Projetos bilionários em etanol, biodiesel, carne e infraestrutura reforçam o crescimento do agronegócio brasileiro
No ano passado, o agronegócio brasileiro registrou anúncios de investimentos superiores a R$ 60 bilhões, segundo levantamento da reportagem do Valor, com base em dados de consultorias, entidades setoriais e comunicados à imprensa. Grande parte desse montante foi impulsionada pela expansão das usinas de etanol de milho, que receberam atenção especial do mercado.

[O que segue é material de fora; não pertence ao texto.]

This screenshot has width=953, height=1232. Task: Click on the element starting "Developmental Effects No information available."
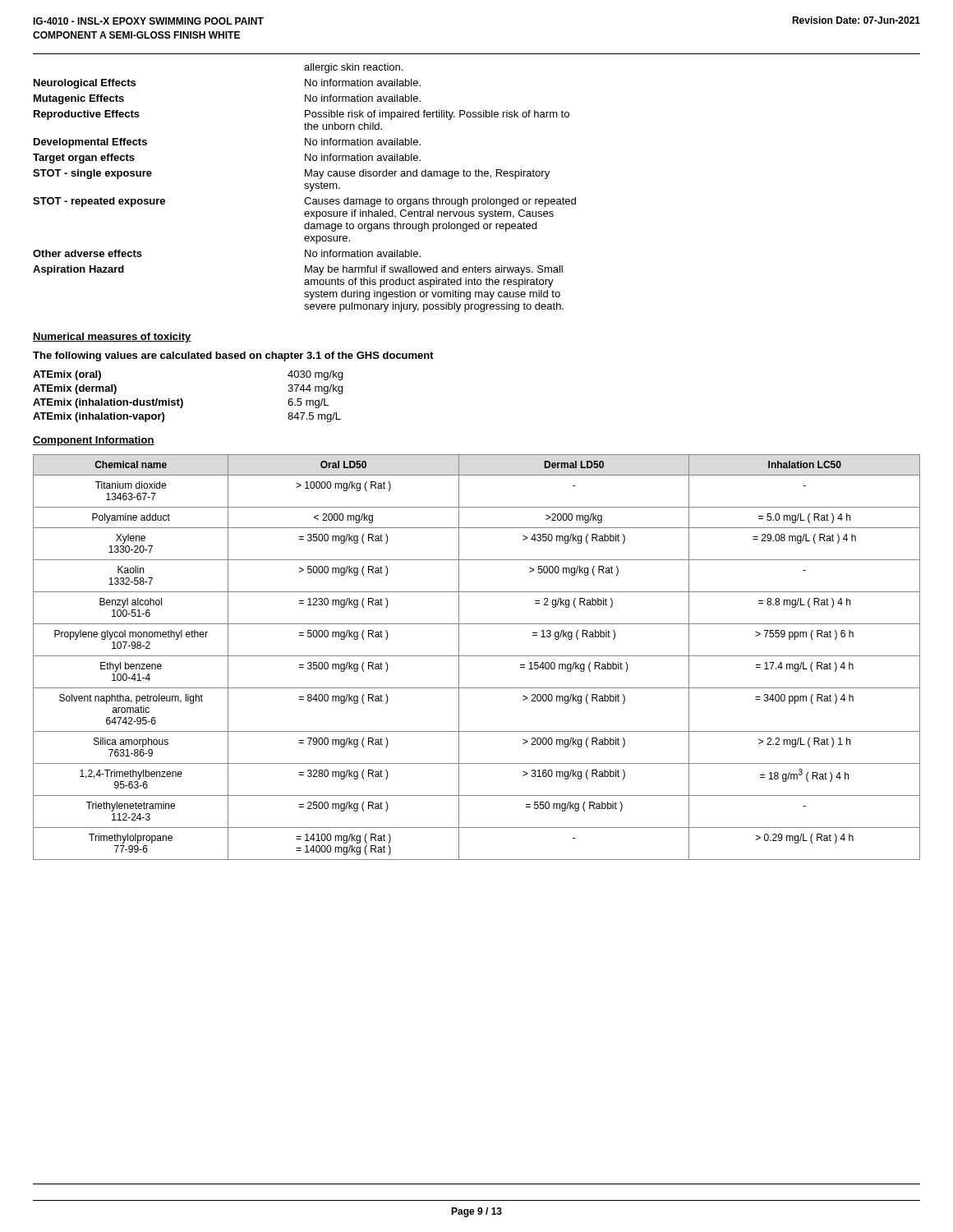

A consultoria FG/A apontou que apenas os investimentos em capacidade industrial de etanol de milho somaram R$ 41 bilhões, distribuídos em 44 projetos que, se confirmados, devem adicionar 12 bilhões de litros por ano à produção nacional. Entre os principais anúncios está o da Inpasa, envolvendo R$ 3,5 bilhões para construção de uma nova planta em Rondonópolis (MT) e ampliação da unidade de Nova Mutum (MT).
Segundo especialistas, a expansão do etanol de milho é favorecida pelas margens atrativas, disponibilidade de milho e condições de financiamento vantajosas, incluindo linhas de crédito do Fundo Clima do BNDES com taxas em torno de 8% ao ano. O volume de investimentos em etanol de milho anunciado em 2025 supera os R$ 30 bilhões que o setor de etanol de cana-de-açúcar anunciou em novos projetos entre 2009 e 2012.
De acordo com Felippe Serigatti, professor da FGV Agro, o biocombustível à base de milho permite gerar maior valor agregado devido à competitividade do custo de produção e à infraestrutura existente. A expansão do etanol também é estimulada pela Lei Combustível do Futuro, que permite aumentar a mistura de etanol anidro na gasolina até 35%, dependendo de estudos técnicos.
O segmento de biodiesel apresentou aportes significativos, embora menores que o etanol. Segundo a Abiove, processadoras de soja anunciaram R$ 5,9 bilhões em investimentos previstos até setembro de 2026, voltados ao esmagamento de soja e refino de óleo, representando 2,4% a mais que o ano móvel anterior.
Entre os destaques está a Frísia Cooperativa Agroindustrial, que investirá R$ 1 bilhão em esmagadoras de soja e armazéns no Paraná e em Tocantins, além de ampliar negócios em leite, carne suína, sementes e florestal. Segundo Daniel Furlan Amaral, diretor da Abiove, os investimentos em óleo de soja têm impulsionado o barateamento do farelo, beneficiando a pecuária confinada e semiconfinada. Os frigoríficos anunciaram R$ 1,539 bilhão em investimentos no Brasil e mais US$ 1,065 bilhão no exterior, voltados principalmente à expansão de linhas de produção para atender à demanda global por carne.
Os demais R$ 7,6 bilhões contemplam setores diversos do agronegócio, incluindo lácteos, café, fertilizantes, sementes e processamento de batatas. Entre os destaques, a GDM (Argentina) anunciou R$ 1 bilhão para cinco anos, e a Coamo planeja investir R$ 3 bilhões em um terminal portuário em Itapoá (SC), com início previsto em 2030.
Apesar da taxa básica de juros elevada (15%) e da pressão sobre crédito, especialistas avaliam que os investimentos fazem sentido no longo prazo. Felippe Serigatti ressalta que o agronegócio é um dos setores que mais se insere nas cadeias globais de valor, respondendo bem à demanda interna e externa.
O Citi aponta que o Brasil se beneficia da capacidade de expansão agrícola e do crescimento da produção de biocombustíveis. Porém, para 2026, o banco projeta uma redução nos investimentos, em função do cenário econômico desafiador, com alta alavancagem, juros elevados e margens apertadas, levando empresas a priorizar resiliência e redução de endividamento.